The moving on thing has caused me no small amount of grief. Similar to what I will likely experience in the days to come, when I will feel guilty for smiling, as though I am dishonoring Mousie's memory in finding some small pleasure, I feel guilt at the thought of moving on. Moving on seems to signal that I never cared for K at all, that my love for him was fleeting or shallow, that if I do not spend the rest of my life in mourning for what I have lost, then nothing I felt for him was real. It's a destructive mindset, to be sure. I believe that K wants me to be happy. I believe that Mousie wants me to be happy. When I am ready, I want to find another young man who will love and support me, share life with me, grow with me, grow old with me. I still want that person to be K, but if he does not want that, then I have no choice but to let him go and wish him the best happiness life can offer. He is and always will be very dear to me, priceless beyond all accounting, and I hope to the bottom of my heart that he will know nothing but joy and good health until the end of his days. Even after everything, I know for sure that that is what he deserves. He is a good man, the likes of which I will never meet again.
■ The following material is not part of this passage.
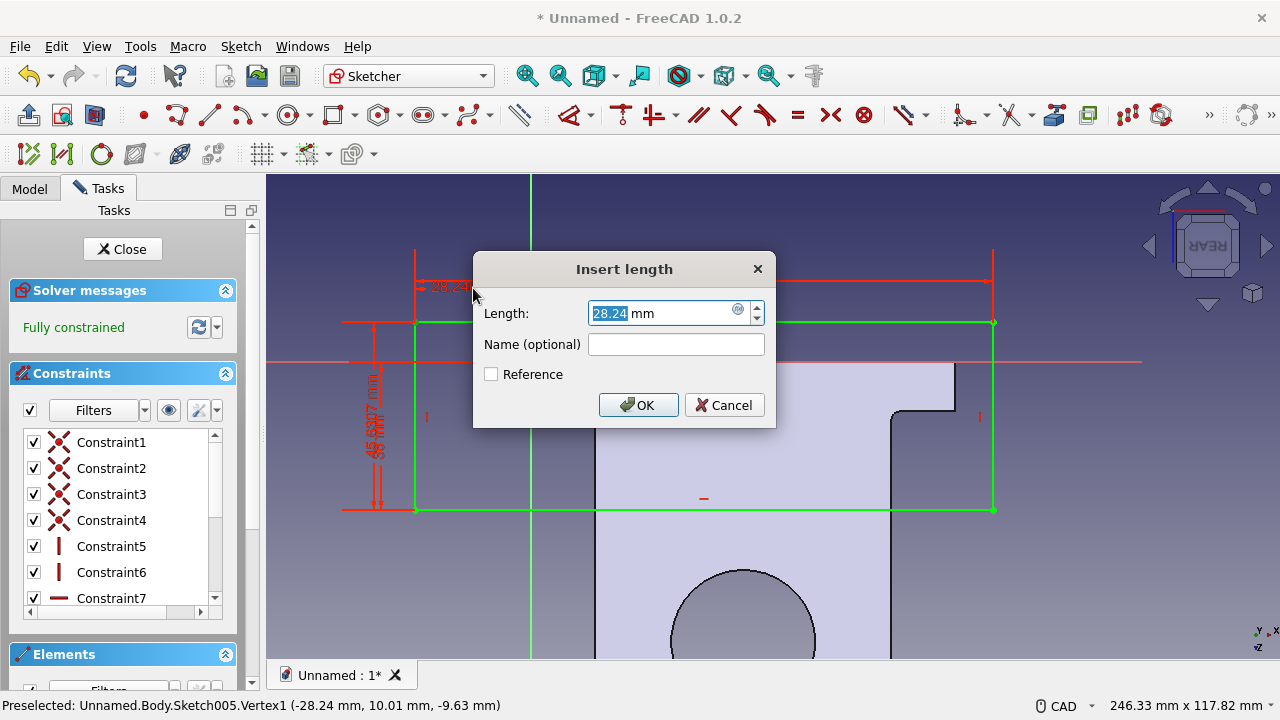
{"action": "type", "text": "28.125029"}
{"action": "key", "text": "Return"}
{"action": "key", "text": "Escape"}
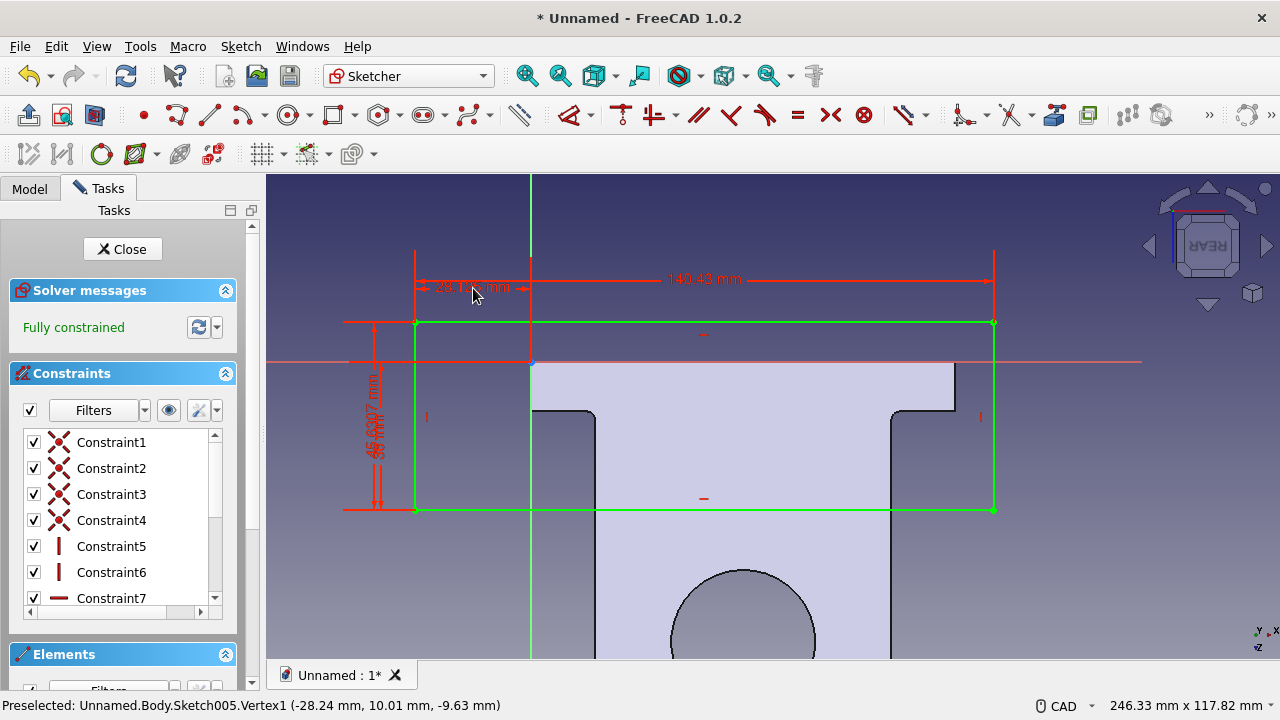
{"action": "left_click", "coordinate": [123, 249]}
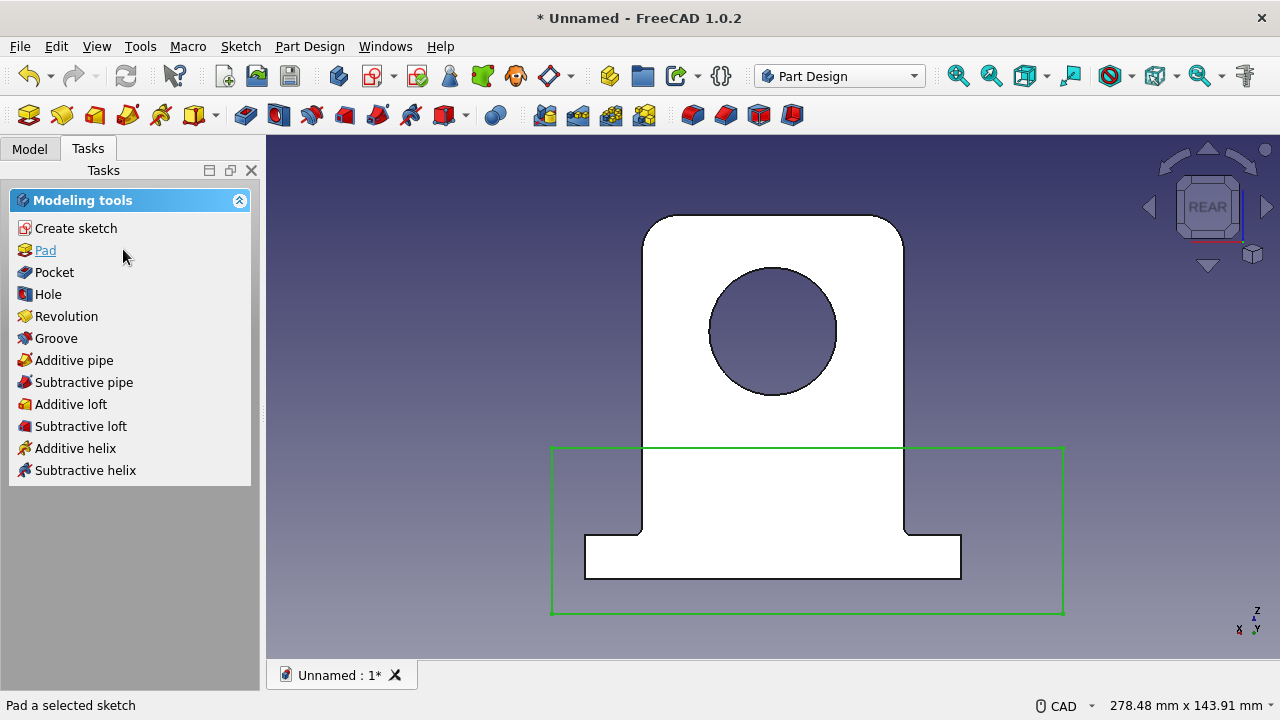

I have been meditating and practicing yoga with a fervor not seen since before I met K. (These practices fell by the wayside once things with him became serious.) For weeks now, I have meditated by lying in my bed, cozy under my blankets, and placing both palms over my heart. As I breathe in, I feel light gathering in my hands. As I breathe out, I let the light from my hands spill through my chest, like dye being fed into a glass of water with a dropper, and let the warmth and light surround my heart, nourishing and healing it. My heart, you see, has been a sad, gasping, dying thing, black and lying lifelessly in a pool of blood. K tore part of it away, and that part of it will never return: there is a gaping wound there now; there are many cuts and holes besides from the other losses I have endured. My heart has not so much clung to life as watched the life ebb away, closing its eyes, awaiting death. But death has not come, and I do not know why. It is my job now to nurture my heart, give it strength, show it how to keep beating even when this big piece is now gone forever, held in K's hands, maybe tucked in his pocket, maybe sitting on a shelf to collect dust. Amputees can perhaps learn to walk again; my heart can perhaps learn to carry on. With this breathing, I felt the heat in my chest, except this time, it was a healing heat, not a destructive pain. Every night I have meditated this way, laboring to bring color and life back to my wounded organ. The cold grip of sorrow still holds court, but it will not always. No; the light will conquer the darkness. In time, I will have the strength to send my beams of light to K, to, perhaps, help him heal, too. I do not know what he is experiencing right now, but I have nothing to lose in sending him my caring and love, even if it is not needed anymore or never was. He, after all, will hold a piece of my heart unto the final end.